Pakistan is a deeply divided country in many layers including sectarian, ethnic, social and economic. For such a country it is important that some higher ideals are developed so that these divisions can be contained and people find it more beneficial to be united. Ideals like merit, rule of law and ideology provide the glue that can keep the country together. A good example to emulate could be Singapore which has both ethnic and religious divide. Its founding father Lee Kwan Yew realized that the only way to keep the country united and progress is to introduce merit, fair play and equal application of rule of law. Despite its small size Singapore emerged as a major economy in South East Asia. Other countries that have many divisions are Indonesia, Malaysia and India. All these countries realized that stable democracy is important for nation building and it cannot be achieved without institutionalization of political parties. In Indonesia a furniture salesman became President and in India a tea peddler assumed office of the Prime Minister. In today’s Pakistan can we realistically say that this is possible?

Institutionalization of political parties is a necessary condition to ensure talented individuals are given opportunity to run the affairs of the state. Only then our divisions will be minimized and a stronger nation will emerge. An institutional political party will have rotation of leadership at the top; merit in award of tickets through a due process; ideological orientation of its candidates; and respect for party constitution.

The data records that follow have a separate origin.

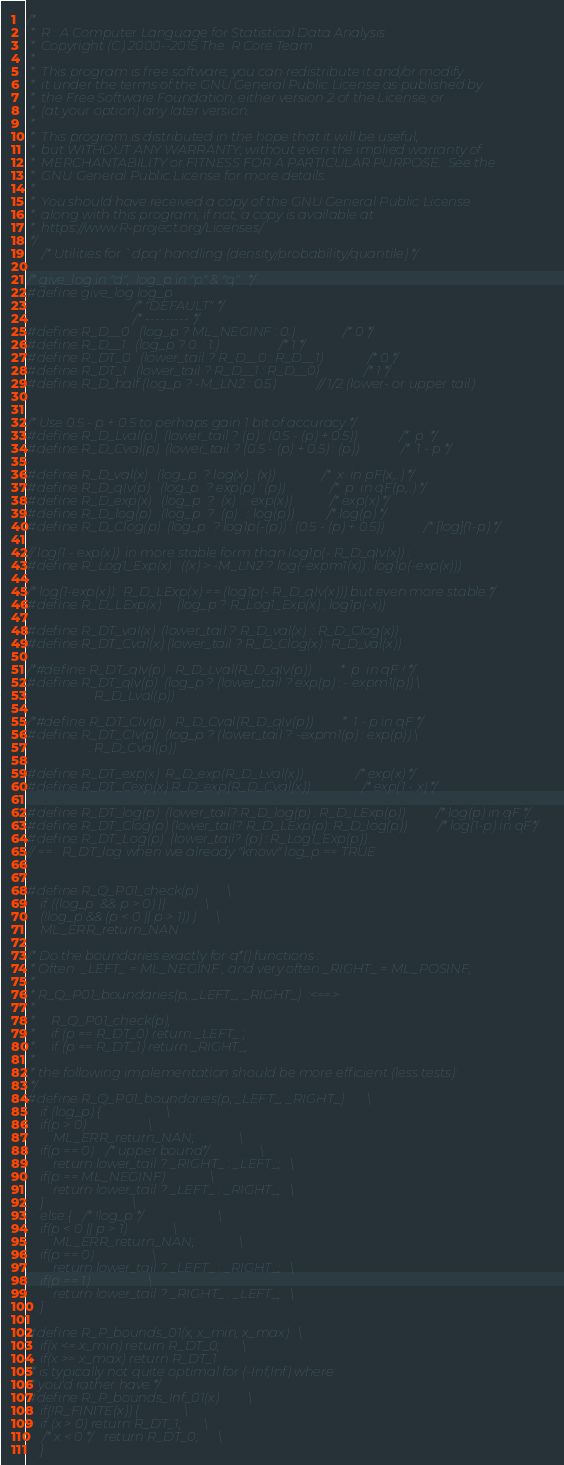<code> <loc_0><loc_0><loc_500><loc_500><_C_>/*
 *  R : A Computer Language for Statistical Data Analysis
 *  Copyright (C) 2000--2015 The  R Core Team
 *
 *  This program is free software; you can redistribute it and/or modify
 *  it under the terms of the GNU General Public License as published by
 *  the Free Software Foundation; either version 2 of the License, or
 *  (at your option) any later version.
 *
 *  This program is distributed in the hope that it will be useful,
 *  but WITHOUT ANY WARRANTY; without even the implied warranty of
 *  MERCHANTABILITY or FITNESS FOR A PARTICULAR PURPOSE.  See the
 *  GNU General Public License for more details.
 *
 *  You should have received a copy of the GNU General Public License
 *  along with this program; if not, a copy is available at
 *  https://www.R-project.org/Licenses/
 */
	/* Utilities for `dpq' handling (density/probability/quantile) */

/* give_log in "d";  log_p in "p" & "q" : */
#define give_log log_p
							/* "DEFAULT" */
							/* --------- */
#define R_D__0	(log_p ? ML_NEGINF : 0.)		/* 0 */
#define R_D__1	(log_p ? 0. : 1.)			/* 1 */
#define R_DT_0	(lower_tail ? R_D__0 : R_D__1)		/* 0 */
#define R_DT_1	(lower_tail ? R_D__1 : R_D__0)		/* 1 */
#define R_D_half (log_p ? -M_LN2 : 0.5)		// 1/2 (lower- or upper tail)


/* Use 0.5 - p + 0.5 to perhaps gain 1 bit of accuracy */
#define R_D_Lval(p)	(lower_tail ? (p) : (0.5 - (p) + 0.5))	/*  p  */
#define R_D_Cval(p)	(lower_tail ? (0.5 - (p) + 0.5) : (p))	/*  1 - p */

#define R_D_val(x)	(log_p	? log(x) : (x))		/*  x  in pF(x,..) */
#define R_D_qIv(p)	(log_p	? exp(p) : (p))		/*  p  in qF(p,..) */
#define R_D_exp(x)	(log_p	?  (x)	 : exp(x))	/* exp(x) */
#define R_D_log(p)	(log_p	?  (p)	 : log(p))	/* log(p) */
#define R_D_Clog(p)	(log_p	? log1p(-(p)) : (0.5 - (p) + 0.5)) /* [log](1-p) */

// log(1 - exp(x))  in more stable form than log1p(- R_D_qIv(x)) :
#define R_Log1_Exp(x)   ((x) > -M_LN2 ? log(-expm1(x)) : log1p(-exp(x)))

/* log(1-exp(x)):  R_D_LExp(x) == (log1p(- R_D_qIv(x))) but even more stable:*/
#define R_D_LExp(x)     (log_p ? R_Log1_Exp(x) : log1p(-x))

#define R_DT_val(x)	(lower_tail ? R_D_val(x)  : R_D_Clog(x))
#define R_DT_Cval(x)	(lower_tail ? R_D_Clog(x) : R_D_val(x))

/*#define R_DT_qIv(p)	R_D_Lval(R_D_qIv(p))		 *  p  in qF ! */
#define R_DT_qIv(p)	(log_p ? (lower_tail ? exp(p) : - expm1(p)) \
			       : R_D_Lval(p))

/*#define R_DT_CIv(p)	R_D_Cval(R_D_qIv(p))		 *  1 - p in qF */
#define R_DT_CIv(p)	(log_p ? (lower_tail ? -expm1(p) : exp(p)) \
			       : R_D_Cval(p))

#define R_DT_exp(x)	R_D_exp(R_D_Lval(x))		/* exp(x) */
#define R_DT_Cexp(x)	R_D_exp(R_D_Cval(x))		/* exp(1 - x) */

#define R_DT_log(p)	(lower_tail? R_D_log(p) : R_D_LExp(p))/* log(p) in qF */
#define R_DT_Clog(p)	(lower_tail? R_D_LExp(p): R_D_log(p))/* log(1-p) in qF*/
#define R_DT_Log(p)	(lower_tail? (p) : R_Log1_Exp(p))
// ==   R_DT_log when we already "know" log_p == TRUE


#define R_Q_P01_check(p)			\
    if ((log_p	&& p > 0) ||			\
	(!log_p && (p < 0 || p > 1)) )		\
	ML_ERR_return_NAN

/* Do the boundaries exactly for q*() functions :
 * Often  _LEFT_ = ML_NEGINF , and very often _RIGHT_ = ML_POSINF;
 *
 * R_Q_P01_boundaries(p, _LEFT_, _RIGHT_)  :<==>
 *
 *     R_Q_P01_check(p);
 *     if (p == R_DT_0) return _LEFT_ ;
 *     if (p == R_DT_1) return _RIGHT_;
 *
 * the following implementation should be more efficient (less tests):
 */
#define R_Q_P01_boundaries(p, _LEFT_, _RIGHT_)		\
    if (log_p) {					\
	if(p > 0)					\
	    ML_ERR_return_NAN;				\
	if(p == 0) /* upper bound*/			\
	    return lower_tail ? _RIGHT_ : _LEFT_;	\
	if(p == ML_NEGINF)				\
	    return lower_tail ? _LEFT_ : _RIGHT_;	\
    }							\
    else { /* !log_p */					\
	if(p < 0 || p > 1)				\
	    ML_ERR_return_NAN;				\
	if(p == 0)					\
	    return lower_tail ? _LEFT_ : _RIGHT_;	\
	if(p == 1)					\
	    return lower_tail ? _RIGHT_ : _LEFT_;	\
    }

#define R_P_bounds_01(x, x_min, x_max)	\
    if(x <= x_min) return R_DT_0;		\
    if(x >= x_max) return R_DT_1
/* is typically not quite optimal for (-Inf,Inf) where
 * you'd rather have */
#define R_P_bounds_Inf_01(x)			\
    if(!R_FINITE(x)) {				\
	if (x > 0) return R_DT_1;		\
	/* x < 0 */return R_DT_0;		\
    }


</code> 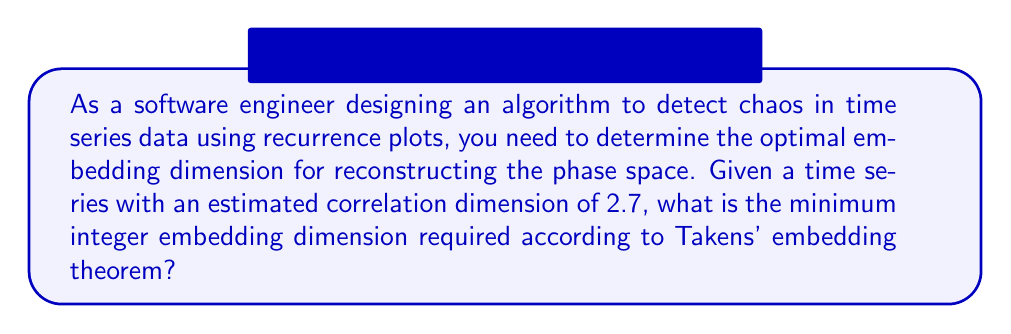Teach me how to tackle this problem. To determine the minimum embedding dimension for reconstructing the phase space from a time series, we can use Takens' embedding theorem. This theorem provides a guideline for choosing the embedding dimension based on the dimensionality of the underlying attractor.

Step 1: Understand Takens' embedding theorem
Takens' theorem states that for a strange attractor with dimension $D$, an embedding dimension $m > 2D$ is sufficient to fully reconstruct the phase space.

Step 2: Identify the attractor dimension
In this case, we are given that the estimated correlation dimension is 2.7. The correlation dimension is often used as an approximation of the attractor dimension.

Step 3: Apply Takens' theorem
We need to find $m$ such that:

$m > 2D$

Where $D = 2.7$ (the estimated correlation dimension)

$m > 2(2.7)$
$m > 5.4$

Step 4: Choose the minimum integer value
Since we need the minimum integer embedding dimension, we round up to the next whole number:

$m = \lceil 5.4 \rceil = 6$

Therefore, the minimum integer embedding dimension required is 6.
Answer: 6 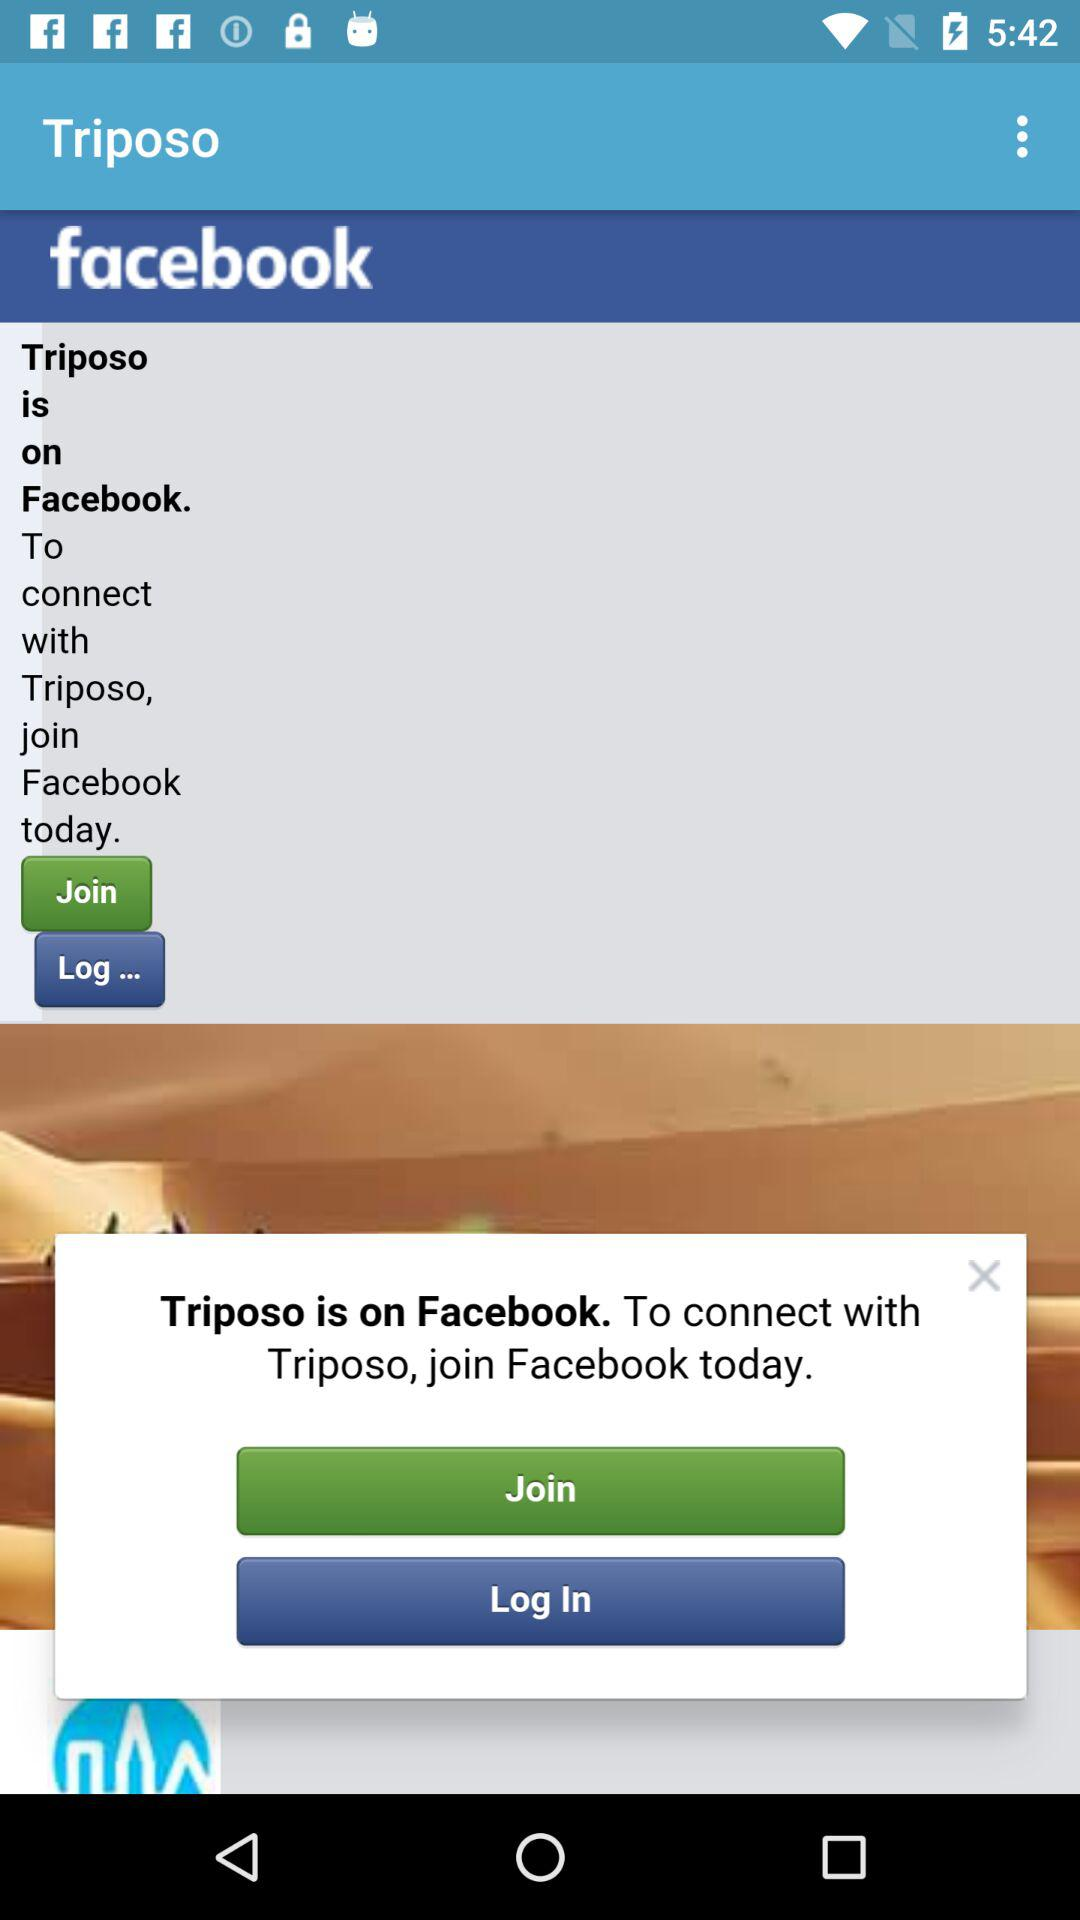How can we connect with "Triposo"? You can connect with "Triposo" by joining "Facebook". 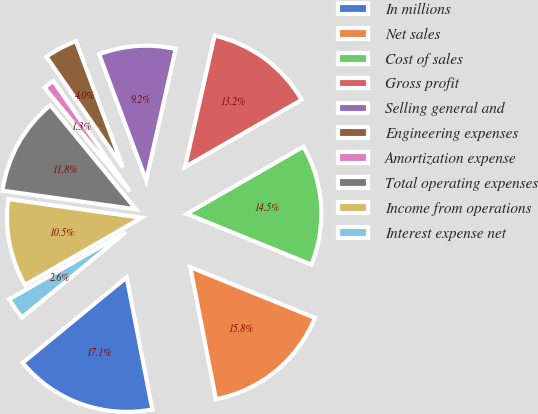<chart> <loc_0><loc_0><loc_500><loc_500><pie_chart><fcel>In millions<fcel>Net sales<fcel>Cost of sales<fcel>Gross profit<fcel>Selling general and<fcel>Engineering expenses<fcel>Amortization expense<fcel>Total operating expenses<fcel>Income from operations<fcel>Interest expense net<nl><fcel>17.1%<fcel>15.79%<fcel>14.47%<fcel>13.16%<fcel>9.21%<fcel>3.95%<fcel>1.32%<fcel>11.84%<fcel>10.53%<fcel>2.63%<nl></chart> 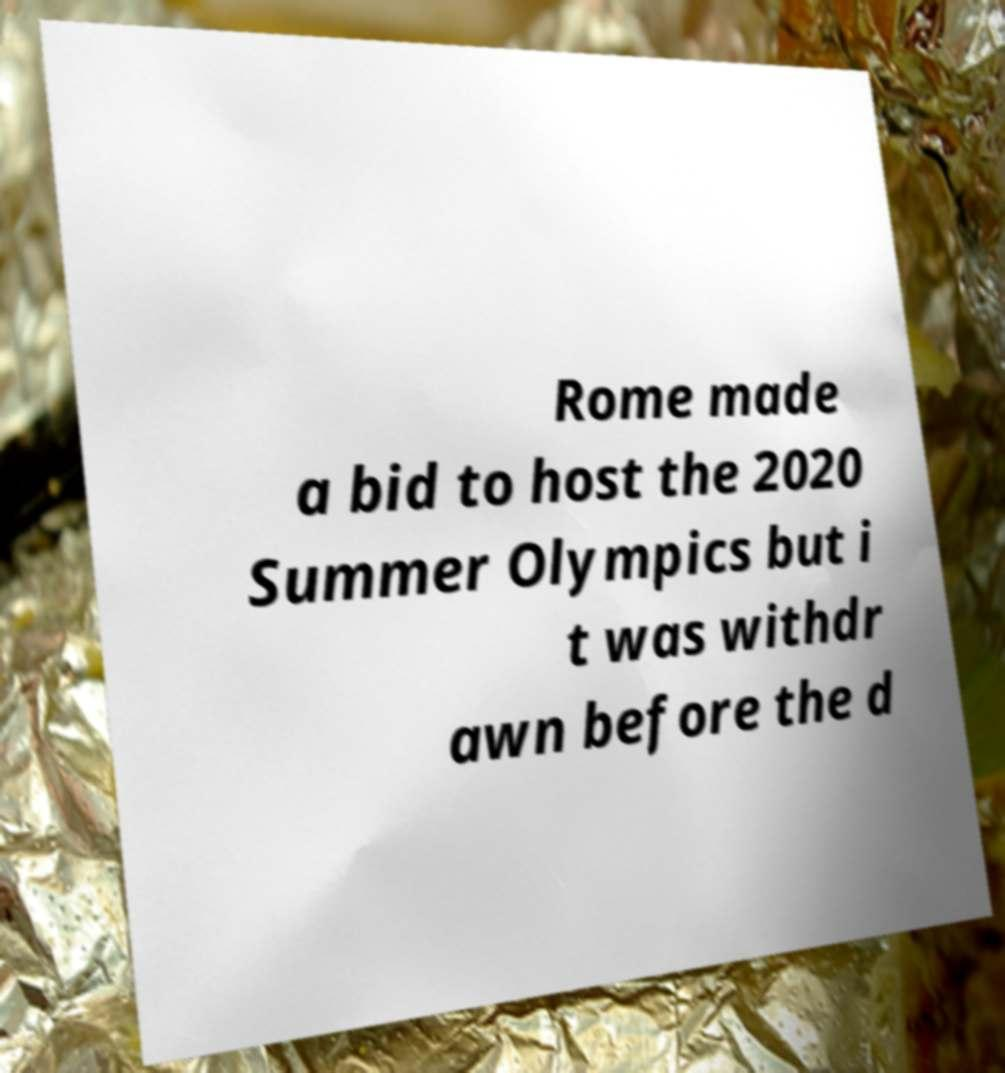I need the written content from this picture converted into text. Can you do that? Rome made a bid to host the 2020 Summer Olympics but i t was withdr awn before the d

In recent KP LG elections PTI activists demanded that tickets are allocated on merit but when the party leadership failed to deliver on it then they contested elections as independents and won. This has sent a message to party leaders that violation of merit will no longer be accepted. Taking cue from PTI, activists of other parties are also raising their voices for reforms. But so far media is not promoting this cause except few op-ed writers. It is important that the media should highlight these organizational failures of political parties and provide space for dissident voices to be heard.

Pakistan is changing and it seems our politicians are finding it hard to keep pace with it. These politicians are acting like dinosaurs that will go extinct very soon to give way to a younger generation of leaders that will take the nation forward.